Snake, finished with the left strap, waited for Hal to get the other and then straightened and backed away. Hal looked around the room again as he stood, and immediately found the computer and drifted over to it, drawn inexorably as iron to a magnet. It only took a second of investigation for him to discover the burnt-out back, and he gave a quiet yelp of dismay. "What the hell did you do?" he asked, turning to Snake, eyes flashing, indignation strengthening him more than days of rest. Snake shrugged.

"It did it to itself, when I told it to pull you out of VR. The other one- the one in my room- blew up too. Can they be salvaged?"

Hal didn't bother to take a second look, just shook his head. "No way. Whoever set this up knew what they were doing. They burnt out the hard drives, and the CPU. All the data's lost."

Snake nodded once, to show he'd heard. He wasn't surprised. He picked up the scalpel from the desk and slipped over to the door again. There was nothing to be gained by lingering. Hal's glasses were sitting on the table near the edge, and the engineer slipped them on. He seemed more distant with them on, as always.

"Where are we?" Hal moved to follow him, keeping slightly behind, arms wrapped tightly around his stomach. His eyes, Snake noted as he turned slightly, were over-dilated behind the clear lenses, dark pupils reflecting Snake's face to him like a shadowed mirror.

"I don't know." Slatt, VR-Slatt, had said somewhere in Baltimore.
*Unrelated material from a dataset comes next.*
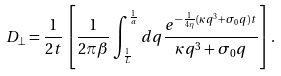Convert formula to latex. <formula><loc_0><loc_0><loc_500><loc_500>D _ { \bot } = \frac { 1 } { 2 t } \left [ \frac { 1 } { 2 \pi \beta } \int _ { \frac { 1 } { L } } ^ { \frac { 1 } { a } } d q \frac { e ^ { - \frac { 1 } { 4 \eta } ( \kappa q ^ { 3 } + \sigma _ { 0 } q ) t } } { \kappa q ^ { 3 } + \sigma _ { 0 } q } \right ] .</formula>

But he had no reason to believe that, and every reason not to. "You don't remember?"

Hal shook his head. "They got me with a tranq round almost as soon as they broke into the apartment." He paused. "The whole thing was a fiasco," he added in a quieter tone. He tilted his head slightly to face Snake, gray eyes full of regret. "I'm sorry," he said simply.
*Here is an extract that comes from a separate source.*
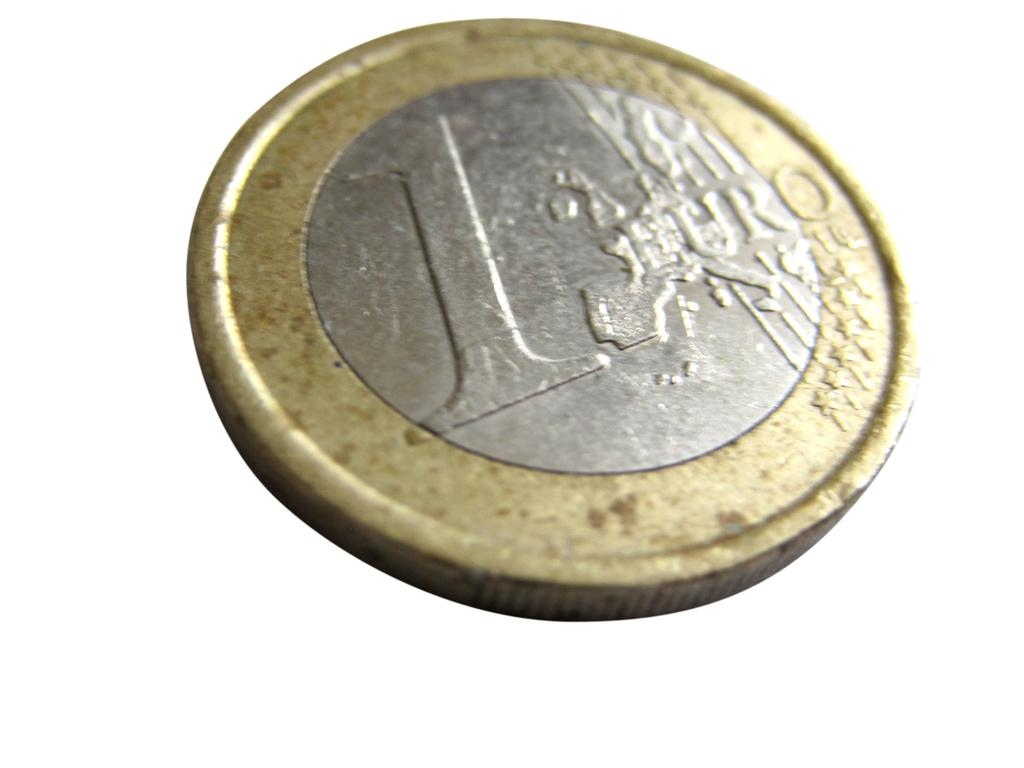<image>
Summarize the visual content of the image. A gold and silver coin with a number one and the word euro on it.

Snake said nothing, but reached out with his left hand, right holding the scalpel, and grabbed the engineer's shoulder, pulled him into a one-sided hug. Hal's skin was warm under the thin t-shirt, hair smelling of oil and sweat and plastic, and below that Hal's own faint, softer scent. "I missed you," he whispered gruffly in his partner's ear, felt the engineer stiffen against him, then relax. When he pulled away, Hal was smiling faintly, eyes bright as quick-silver. Snake nodded, once.

"Let's get the hell out of here."

--

At the end of the dusty corridor was a wide bay of windows, the stairwell tucked away in a nearby corner. The windows looked out onto a large empty park, tall maples with flame-red leaves, thinner birches and alders covered in bright gold, here and there a dark evergreen. The grass was thick and untidy, speckled with dead branches, fallen leaves and sprigs of pine. The unwelcome warmth of familiarity was washing over him again, skin tingling slightly, eyes narrowed as he leaned on the dusty windowsill staring out the dirty windows. Hal stood slightly behind him, quiet breathing loud in the silent hallway.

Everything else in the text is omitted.